Your goal: Exactly the lines from the one with "return math.factorial(n) //" through the end of the records below are to be output, the first and last included, and no others.

···

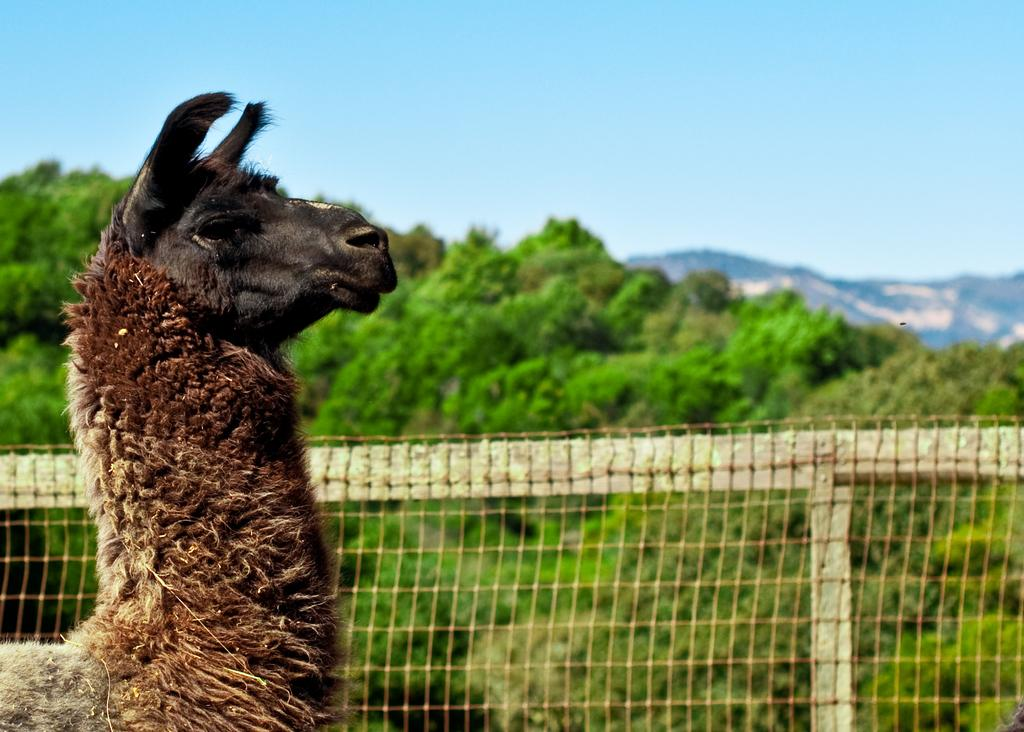What animal is in the front of the image? There is a llama in the front of the image. What is located in the middle of the image? There is fencing in the middle of the image. What type of vegetation can be seen in the background of the image? There are trees in the background of the image. What is visible at the top of the image? The sky is visible at the top of the image. What type of bread is being used to measure the force applied to the llama's tongue in the image? There is no bread or force being applied to the llama's tongue in the image; it only features a llama, fencing, trees, and the sky. 
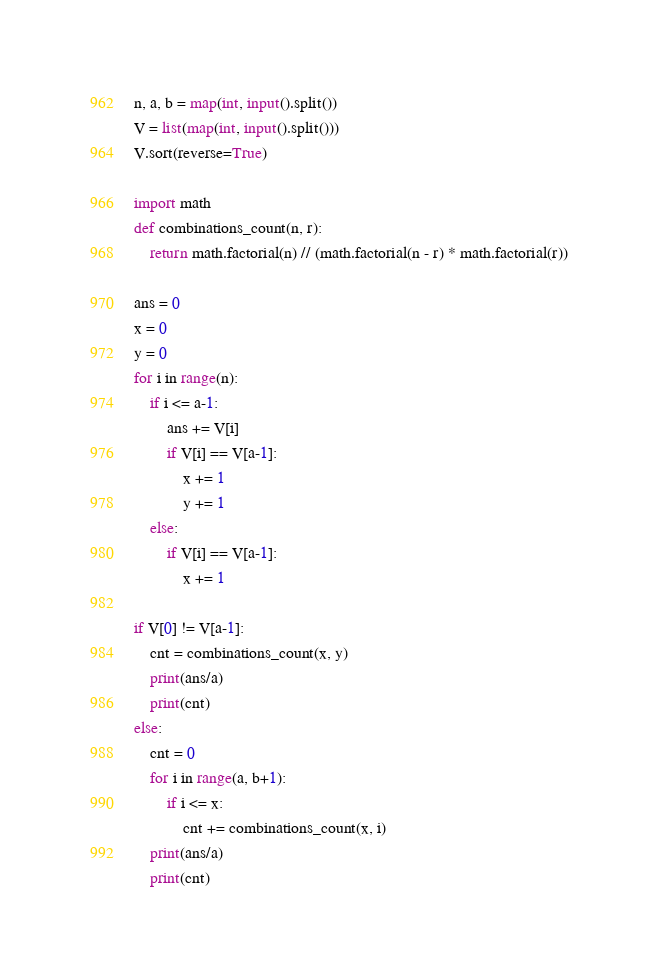Convert code to text. <code><loc_0><loc_0><loc_500><loc_500><_Python_>n, a, b = map(int, input().split())
V = list(map(int, input().split()))
V.sort(reverse=True)

import math
def combinations_count(n, r):
    return math.factorial(n) // (math.factorial(n - r) * math.factorial(r))

ans = 0
x = 0
y = 0
for i in range(n):
    if i <= a-1:
        ans += V[i]
        if V[i] == V[a-1]:
            x += 1
            y += 1
    else:
        if V[i] == V[a-1]:
            x += 1

if V[0] != V[a-1]:
    cnt = combinations_count(x, y)
    print(ans/a)
    print(cnt)
else:
    cnt = 0
    for i in range(a, b+1):
        if i <= x:
            cnt += combinations_count(x, i)
    print(ans/a)
    print(cnt)</code>

···

Task solution:
    return math.factorial(n) // (math.factorial(n - r) * math.factorial(r))

ans = 0
x = 0
y = 0
for i in range(n):
    if i <= a-1:
        ans += V[i]
        if V[i] == V[a-1]:
            x += 1
            y += 1
    else:
        if V[i] == V[a-1]:
            x += 1

if V[0] != V[a-1]:
    cnt = combinations_count(x, y)
    print(ans/a)
    print(cnt)
else:
    cnt = 0
    for i in range(a, b+1):
        if i <= x:
            cnt += combinations_count(x, i)
    print(ans/a)
    print(cnt)</code>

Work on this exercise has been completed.